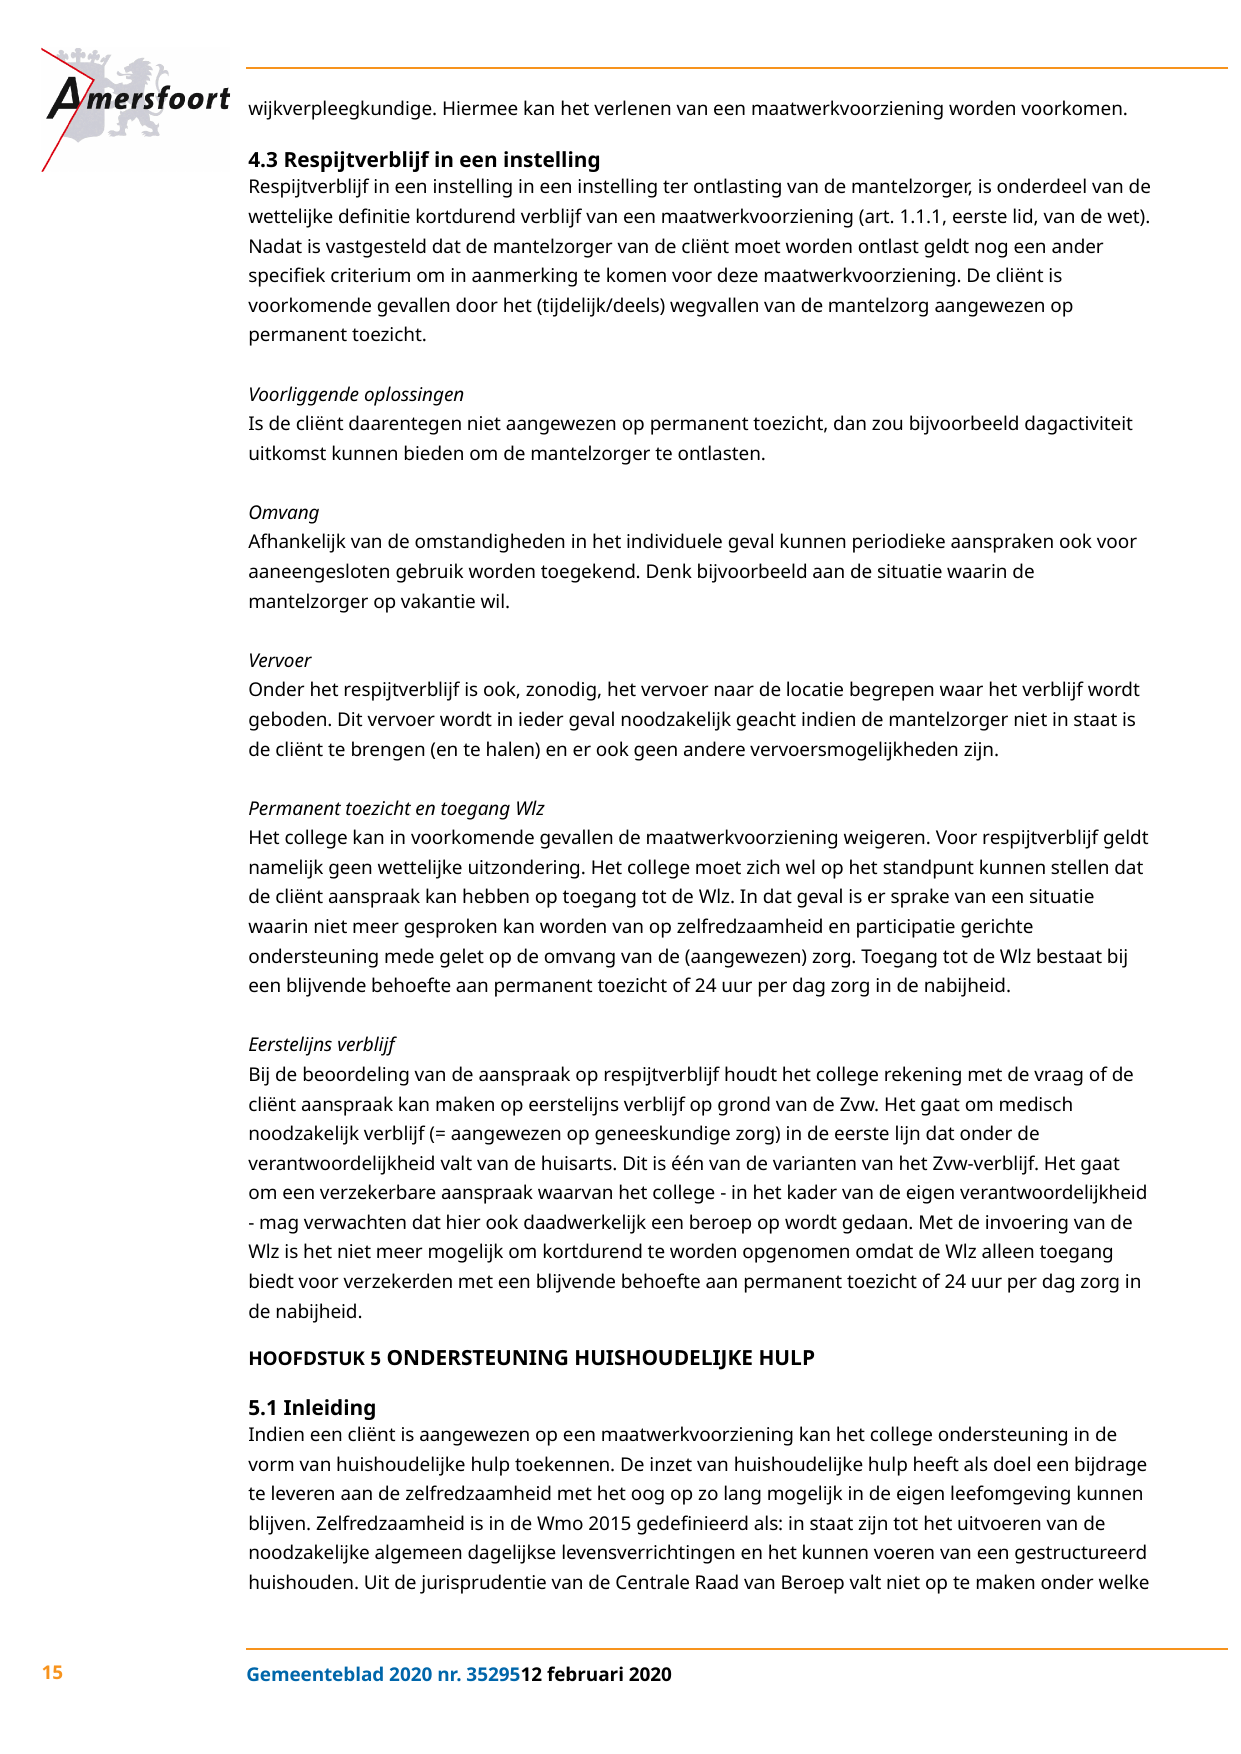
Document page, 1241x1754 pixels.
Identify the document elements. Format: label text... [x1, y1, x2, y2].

text wijkverpleegkundige. Hiermee kan het verlenen van een maatwerkvoorziening worden voorkomen. [248, 95, 1152, 121]
text Het college kan in voorkomende gevallen de maatwerkvoorziening weigeren. Voor respijtverblijf geldt namelijk geen wettelijke uitzondering. Het college moet zich wel op het standpunt kunnen stellen dat de cliënt aanspraak kan hebben op toegang tot de Wlz. In dat geval is er sprake van een situatie waarin niet meer gesproken kan worden van op zelfredzaamheid en participatie gerichte ondersteuning mede gelet op de omvang van de (aangewezen) zorg. Toegang tot de Wlz bestaat bij een blijvende behoefte aan permanent toezicht of 24 uur per dag zorg in de nabijheid. [248, 824, 1152, 998]
text Onder het respijtverblijf is ook, zonodig, het vervoer naar de locatie begrepen waar het verblijf wordt geboden. Dit vervoer wordt in ieder geval noodzakelijk geacht indien de mantelzorger niet in staat is de cliënt te brengen (en te halen) en er ook geen andere vervoersmogelijkheden zijn. [248, 677, 1152, 761]
text Omvang [248, 499, 1152, 525]
text HOOFDSTUK 5 ONDERSTEUNING HUISHOUDELIJKE HULP [248, 1343, 1152, 1372]
text Voorliggende oplossingen [248, 381, 1152, 406]
text Bij de beoordeling van de aanspraak op respijtverblijf houdt het college rekening met de vraag of de cliënt aanspraak kan maken op eerstelijns verblijf op grond van de Zvw. Het gaat om medisch noodzakelijk verblijf (= aangewezen op geneeskundige zorg) in de eerste lijn dat onder de verantwoordelijkheid valt van de huisarts. Dit is één van de varianten van het Zvw-verblijf. Het gaat om een verzekerbare aanspraak waarvan het college - in het kader van de eigen verantwoordelijkheid - mag verwachten dat hier ook daadwerkelijk een beroep op wordt gedaan. Met de invoering van de Wlz is het niet meer mogelijk om kortdurend te worden opgenomen omdat de Wlz alleen toegang biedt voor verzekerden met een blijvende behoefte aan permanent toezicht of 24 uur per dag zorg in de nabijheid. [248, 1061, 1152, 1323]
text Indien een cliënt is aangewezen op een maatwerkvoorziening kan het college ondersteuning in de vorm van huishoudelijke hulp toekennen. De inzet van huishoudelijke hulp heeft als doel een bijdrage te leveren aan de zelfredzaamheid met het oog op zo lang mogelijk in de eigen leefomgeving kunnen blijven. Zelfredzaamheid is in de Wmo 2015 gedefinieerd als: in staat zijn tot het uitvoeren van de noodzakelijke algemeen dagelijkse levensverrichtingen en het kunnen voeren van een gestructureerd huishouden. Uit de jurisprudentie van de Centrale Raad van Beroep valt niet op te maken onder welke [248, 1421, 1152, 1595]
text Permanent toezicht en toegang Wlz [248, 795, 1152, 821]
picture [41, 47, 231, 172]
text 4.3 Respijtverblijf in een instelling [248, 145, 1152, 174]
text Is de cliënt daarentegen niet aangewezen op permanent toezicht, dan zou bijvoorbeeld dagactiviteit uitkomst kunnen bieden om de mantelzorger te ontlasten. [248, 410, 1152, 466]
text Eerstelijns verblijf [248, 1032, 1152, 1057]
text Respijtverblijf in een instelling in een instelling ter ontlasting van de mantelzorger, is onderdeel van de wettelijke definitie kortdurend verblijf van een maatwerkvoorziening (art. 1.1.1, eerste lid, van de wet). Nadat is vastgesteld dat de mantelzorger van de cliënt moet worden ontlast geldt nog een ander specifiek criterium om in aanmerking te komen voor deze maatwerkvoorziening. De cliënt is voorkomende gevallen door het (tijdelijk/deels) wegvallen van de mantelzorg aangewezen op permanent toezicht. [248, 174, 1152, 347]
text 5.1 Inleiding [248, 1393, 1152, 1421]
text Vervoer [248, 647, 1152, 673]
text Afhankelijk van de omstandigheden in het individuele geval kunnen periodieke aanspraken ook voor aaneengesloten gebruik worden toegekend. Denk bijvoorbeeld aan de situatie waarin de mantelzorger op vakantie wil. [248, 529, 1152, 613]

Exercise brief —
Return the full listing exactly as written, without any of its images.

Answer below —
Document page, 1241x1754 pixels.
Identify the document elements. Format: label text... [x1, y1, x2, y2].

text wijkverpleegkundige. Hiermee kan het verlenen van een maatwerkvoorziening worden voorkomen. [248, 95, 1152, 121]
text Het college kan in voorkomende gevallen de maatwerkvoorziening weigeren. Voor respijtverblijf geldt namelijk geen wettelijke uitzondering. Het college moet zich wel op het standpunt kunnen stellen dat de cliënt aanspraak kan hebben op toegang tot de Wlz. In dat geval is er sprake van een situatie waarin niet meer gesproken kan worden van op zelfredzaamheid en participatie gerichte ondersteuning mede gelet op de omvang van de (aangewezen) zorg. Toegang tot de Wlz bestaat bij een blijvende behoefte aan permanent toezicht of 24 uur per dag zorg in de nabijheid. [248, 824, 1152, 998]
text Onder het respijtverblijf is ook, zonodig, het vervoer naar de locatie begrepen waar het verblijf wordt geboden. Dit vervoer wordt in ieder geval noodzakelijk geacht indien de mantelzorger niet in staat is de cliënt te brengen (en te halen) en er ook geen andere vervoersmogelijkheden zijn. [248, 677, 1152, 761]
text Omvang [248, 499, 1152, 525]
text HOOFDSTUK 5 ONDERSTEUNING HUISHOUDELIJKE HULP [248, 1343, 1152, 1372]
text Voorliggende oplossingen [248, 381, 1152, 406]
text Bij de beoordeling van de aanspraak op respijtverblijf houdt het college rekening met de vraag of de cliënt aanspraak kan maken op eerstelijns verblijf op grond van de Zvw. Het gaat om medisch noodzakelijk verblijf (= aangewezen op geneeskundige zorg) in de eerste lijn dat onder de verantwoordelijkheid valt van de huisarts. Dit is één van de varianten van het Zvw-verblijf. Het gaat om een verzekerbare aanspraak waarvan het college - in het kader van de eigen verantwoordelijkheid - mag verwachten dat hier ook daadwerkelijk een beroep op wordt gedaan. Met de invoering van de Wlz is het niet meer mogelijk om kortdurend te worden opgenomen omdat de Wlz alleen toegang biedt voor verzekerden met een blijvende behoefte aan permanent toezicht of 24 uur per dag zorg in de nabijheid. [248, 1061, 1152, 1323]
text Indien een cliënt is aangewezen op een maatwerkvoorziening kan het college ondersteuning in de vorm van huishoudelijke hulp toekennen. De inzet van huishoudelijke hulp heeft als doel een bijdrage te leveren aan de zelfredzaamheid met het oog op zo lang mogelijk in de eigen leefomgeving kunnen blijven. Zelfredzaamheid is in de Wmo 2015 gedefinieerd als: in staat zijn tot het uitvoeren van de noodzakelijke algemeen dagelijkse levensverrichtingen en het kunnen voeren van een gestructureerd huishouden. Uit de jurisprudentie van de Centrale Raad van Beroep valt niet op te maken onder welke [248, 1421, 1152, 1595]
text Permanent toezicht en toegang Wlz [248, 795, 1152, 821]
picture [41, 47, 231, 172]
text 4.3 Respijtverblijf in een instelling [248, 145, 1152, 174]
text Is de cliënt daarentegen niet aangewezen op permanent toezicht, dan zou bijvoorbeeld dagactiviteit uitkomst kunnen bieden om de mantelzorger te ontlasten. [248, 410, 1152, 466]
text Eerstelijns verblijf [248, 1032, 1152, 1057]
text Respijtverblijf in een instelling in een instelling ter ontlasting van de mantelzorger, is onderdeel van de wettelijke definitie kortdurend verblijf van een maatwerkvoorziening (art. 1.1.1, eerste lid, van de wet). Nadat is vastgesteld dat de mantelzorger van de cliënt moet worden ontlast geldt nog een ander specifiek criterium om in aanmerking te komen voor deze maatwerkvoorziening. De cliënt is voorkomende gevallen door het (tijdelijk/deels) wegvallen van de mantelzorg aangewezen op permanent toezicht. [248, 174, 1152, 347]
text 5.1 Inleiding [248, 1393, 1152, 1421]
text Vervoer [248, 647, 1152, 673]
text Afhankelijk van de omstandigheden in het individuele geval kunnen periodieke aanspraken ook voor aaneengesloten gebruik worden toegekend. Denk bijvoorbeeld aan de situatie waarin de mantelzorger op vakantie wil. [248, 529, 1152, 613]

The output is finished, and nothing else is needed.